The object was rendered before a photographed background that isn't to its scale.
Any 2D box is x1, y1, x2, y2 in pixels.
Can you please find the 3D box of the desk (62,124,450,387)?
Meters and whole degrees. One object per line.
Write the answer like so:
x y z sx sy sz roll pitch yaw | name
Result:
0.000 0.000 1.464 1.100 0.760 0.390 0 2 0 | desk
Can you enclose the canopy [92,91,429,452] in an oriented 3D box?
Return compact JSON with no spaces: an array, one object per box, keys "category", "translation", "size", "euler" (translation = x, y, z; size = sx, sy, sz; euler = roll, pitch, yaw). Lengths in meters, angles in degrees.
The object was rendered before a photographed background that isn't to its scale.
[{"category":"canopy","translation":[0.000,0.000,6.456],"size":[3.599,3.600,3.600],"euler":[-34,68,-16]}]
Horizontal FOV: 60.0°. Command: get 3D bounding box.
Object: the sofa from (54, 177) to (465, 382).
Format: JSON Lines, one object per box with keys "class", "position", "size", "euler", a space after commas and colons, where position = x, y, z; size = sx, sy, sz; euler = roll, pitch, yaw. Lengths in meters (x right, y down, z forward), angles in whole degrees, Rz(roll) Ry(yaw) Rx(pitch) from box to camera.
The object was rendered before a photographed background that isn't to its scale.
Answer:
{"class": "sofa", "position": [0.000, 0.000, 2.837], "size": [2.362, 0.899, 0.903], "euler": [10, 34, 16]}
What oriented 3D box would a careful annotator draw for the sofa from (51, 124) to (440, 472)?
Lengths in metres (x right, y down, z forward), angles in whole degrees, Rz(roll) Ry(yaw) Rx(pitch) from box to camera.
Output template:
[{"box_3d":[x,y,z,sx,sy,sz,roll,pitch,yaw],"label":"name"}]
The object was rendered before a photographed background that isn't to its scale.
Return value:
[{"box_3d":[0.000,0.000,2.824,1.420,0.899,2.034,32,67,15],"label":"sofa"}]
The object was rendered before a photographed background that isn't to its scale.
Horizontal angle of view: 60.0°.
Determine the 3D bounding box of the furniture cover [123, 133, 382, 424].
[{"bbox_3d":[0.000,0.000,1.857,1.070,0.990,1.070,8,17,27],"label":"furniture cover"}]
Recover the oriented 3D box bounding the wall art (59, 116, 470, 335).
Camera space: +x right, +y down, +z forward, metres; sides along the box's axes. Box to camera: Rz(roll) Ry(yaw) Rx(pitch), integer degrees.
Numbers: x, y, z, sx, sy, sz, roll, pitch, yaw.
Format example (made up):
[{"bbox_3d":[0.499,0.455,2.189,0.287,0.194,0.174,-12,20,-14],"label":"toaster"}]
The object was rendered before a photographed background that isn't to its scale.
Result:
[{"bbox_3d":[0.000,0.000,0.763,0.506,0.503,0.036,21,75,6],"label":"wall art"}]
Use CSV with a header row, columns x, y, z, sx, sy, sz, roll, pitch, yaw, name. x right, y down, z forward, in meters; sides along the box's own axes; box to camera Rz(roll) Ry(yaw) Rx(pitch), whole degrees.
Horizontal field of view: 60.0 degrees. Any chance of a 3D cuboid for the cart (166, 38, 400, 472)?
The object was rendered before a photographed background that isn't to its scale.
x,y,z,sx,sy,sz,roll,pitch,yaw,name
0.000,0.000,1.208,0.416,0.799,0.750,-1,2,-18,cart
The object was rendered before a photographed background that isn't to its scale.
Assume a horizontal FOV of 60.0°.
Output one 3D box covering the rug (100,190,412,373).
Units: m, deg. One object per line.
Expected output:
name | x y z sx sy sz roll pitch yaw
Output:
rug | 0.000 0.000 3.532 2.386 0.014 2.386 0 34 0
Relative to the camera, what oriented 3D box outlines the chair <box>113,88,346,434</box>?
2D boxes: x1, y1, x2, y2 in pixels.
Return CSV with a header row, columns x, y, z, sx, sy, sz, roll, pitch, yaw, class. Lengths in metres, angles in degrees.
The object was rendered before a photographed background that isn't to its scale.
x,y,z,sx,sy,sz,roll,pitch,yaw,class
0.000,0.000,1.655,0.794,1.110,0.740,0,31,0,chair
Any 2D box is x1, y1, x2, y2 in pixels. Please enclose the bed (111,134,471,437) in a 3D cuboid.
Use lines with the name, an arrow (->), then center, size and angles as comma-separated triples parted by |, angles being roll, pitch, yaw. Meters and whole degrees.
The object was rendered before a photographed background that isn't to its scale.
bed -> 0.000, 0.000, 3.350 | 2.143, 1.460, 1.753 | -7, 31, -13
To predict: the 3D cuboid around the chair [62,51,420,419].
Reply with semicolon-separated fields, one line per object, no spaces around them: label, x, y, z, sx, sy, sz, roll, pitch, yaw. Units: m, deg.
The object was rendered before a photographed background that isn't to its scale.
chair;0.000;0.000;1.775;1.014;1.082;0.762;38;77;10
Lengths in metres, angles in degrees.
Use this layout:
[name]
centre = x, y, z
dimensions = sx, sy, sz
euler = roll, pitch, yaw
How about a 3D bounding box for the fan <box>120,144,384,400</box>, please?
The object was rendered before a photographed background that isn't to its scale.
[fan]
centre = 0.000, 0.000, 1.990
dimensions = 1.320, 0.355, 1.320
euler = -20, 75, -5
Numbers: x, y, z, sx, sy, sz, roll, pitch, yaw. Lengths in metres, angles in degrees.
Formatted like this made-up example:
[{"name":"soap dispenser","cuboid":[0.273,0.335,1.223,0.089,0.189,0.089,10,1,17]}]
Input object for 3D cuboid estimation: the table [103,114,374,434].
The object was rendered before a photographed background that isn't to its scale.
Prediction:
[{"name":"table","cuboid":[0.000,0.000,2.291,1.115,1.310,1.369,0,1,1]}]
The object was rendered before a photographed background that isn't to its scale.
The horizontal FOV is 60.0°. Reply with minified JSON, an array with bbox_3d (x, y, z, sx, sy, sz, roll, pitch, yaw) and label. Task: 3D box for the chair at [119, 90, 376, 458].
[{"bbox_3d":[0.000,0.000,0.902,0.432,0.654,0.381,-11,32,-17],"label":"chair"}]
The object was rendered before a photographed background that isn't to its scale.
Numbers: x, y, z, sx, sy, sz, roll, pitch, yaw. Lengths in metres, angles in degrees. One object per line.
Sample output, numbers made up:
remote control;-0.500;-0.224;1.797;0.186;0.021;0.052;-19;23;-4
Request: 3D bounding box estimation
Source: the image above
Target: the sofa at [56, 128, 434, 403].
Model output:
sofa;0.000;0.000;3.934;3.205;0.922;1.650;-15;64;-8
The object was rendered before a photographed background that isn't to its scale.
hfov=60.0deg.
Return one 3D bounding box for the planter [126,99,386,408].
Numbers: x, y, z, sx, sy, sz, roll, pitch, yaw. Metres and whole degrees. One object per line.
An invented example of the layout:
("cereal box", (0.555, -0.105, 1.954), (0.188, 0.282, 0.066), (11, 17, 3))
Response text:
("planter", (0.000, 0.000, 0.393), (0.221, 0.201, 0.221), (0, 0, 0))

• YOUR INSTRUCTIONS: Could you copy each line from the listing that has the word "oriented" in it?

• RESPONSE:
Can you enclose the canopy [92,91,429,452] in an oriented 3D box?
What oriented 3D box would a careful annotator draw for the sofa from (51, 124) to (440, 472)?
Recover the oriented 3D box bounding the wall art (59, 116, 470, 335).
Relative to the camera, what oriented 3D box outlines the chair <box>113,88,346,434</box>?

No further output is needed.